● **TASK OBJECTIVE**
Going from the line that contains "1232x953 pixels. At" through the last line of the records, set down each line again exactly, both included, with pictures left out.

● **Data entries**
####
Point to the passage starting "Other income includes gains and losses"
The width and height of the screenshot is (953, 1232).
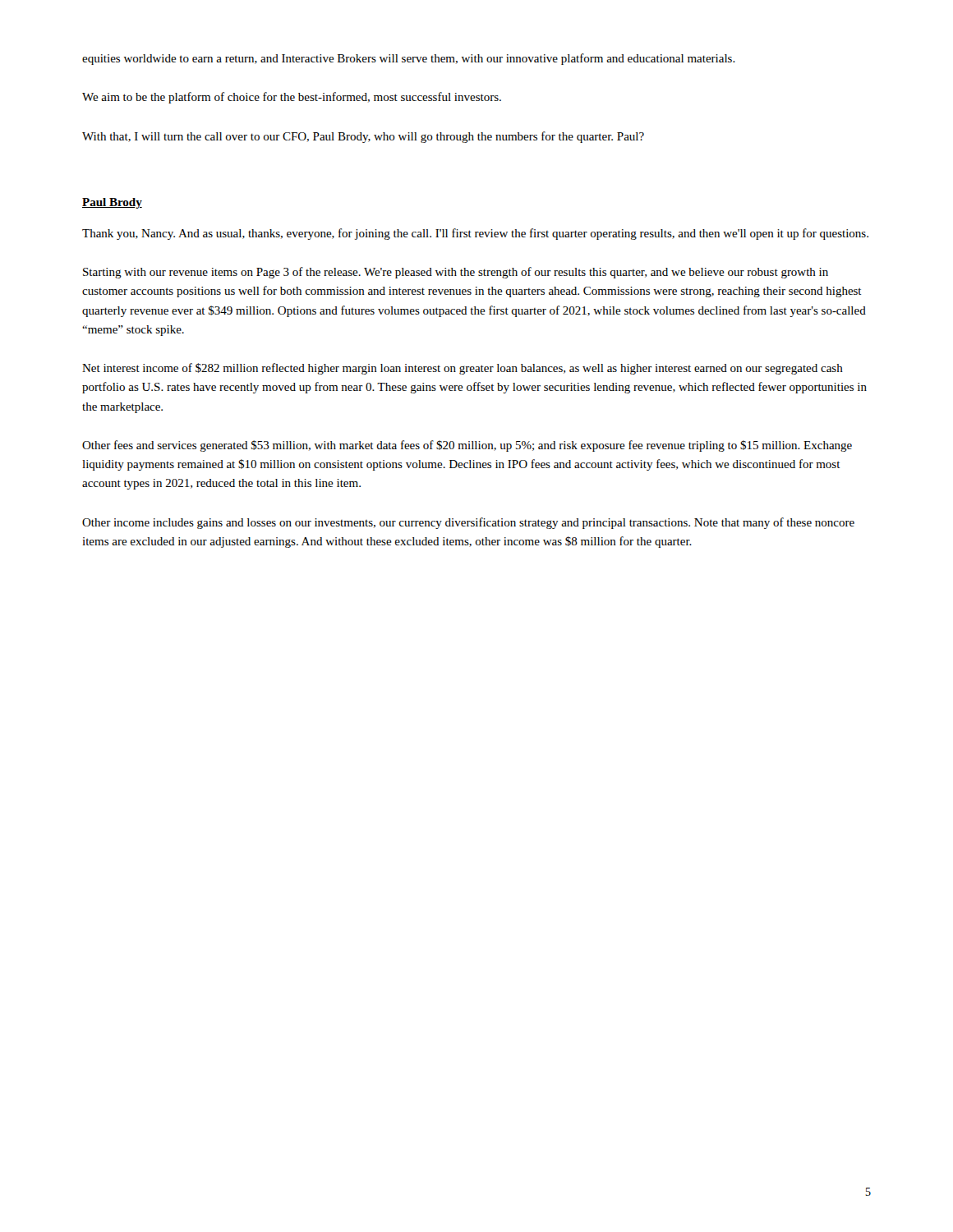point(468,531)
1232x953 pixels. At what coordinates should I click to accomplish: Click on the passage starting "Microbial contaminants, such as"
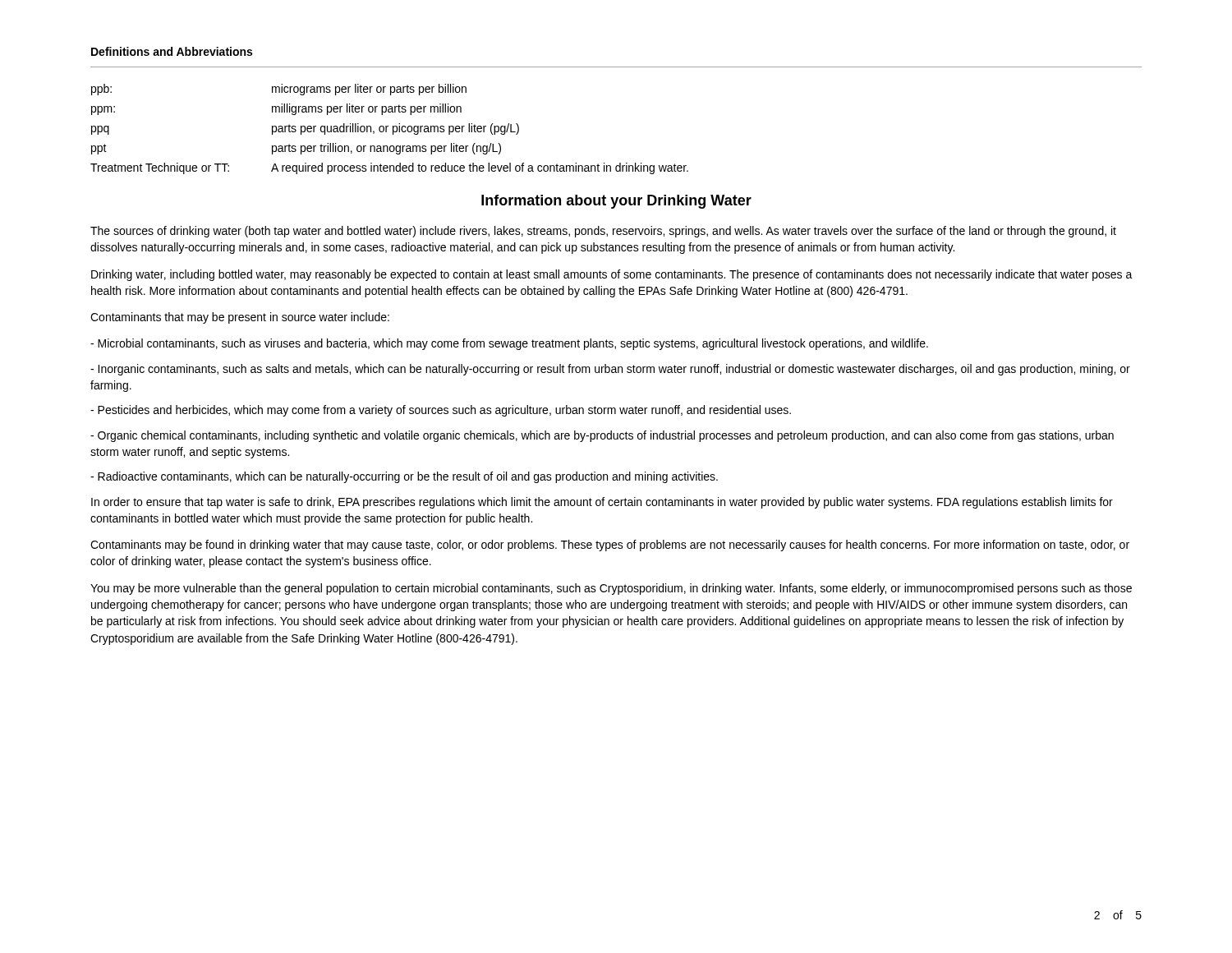tap(510, 344)
####
● **REPLY**
1232x953 pixels. At what coordinates should I click to accomplish: Click on the passage starting "Microbial contaminants, such as"
tap(510, 344)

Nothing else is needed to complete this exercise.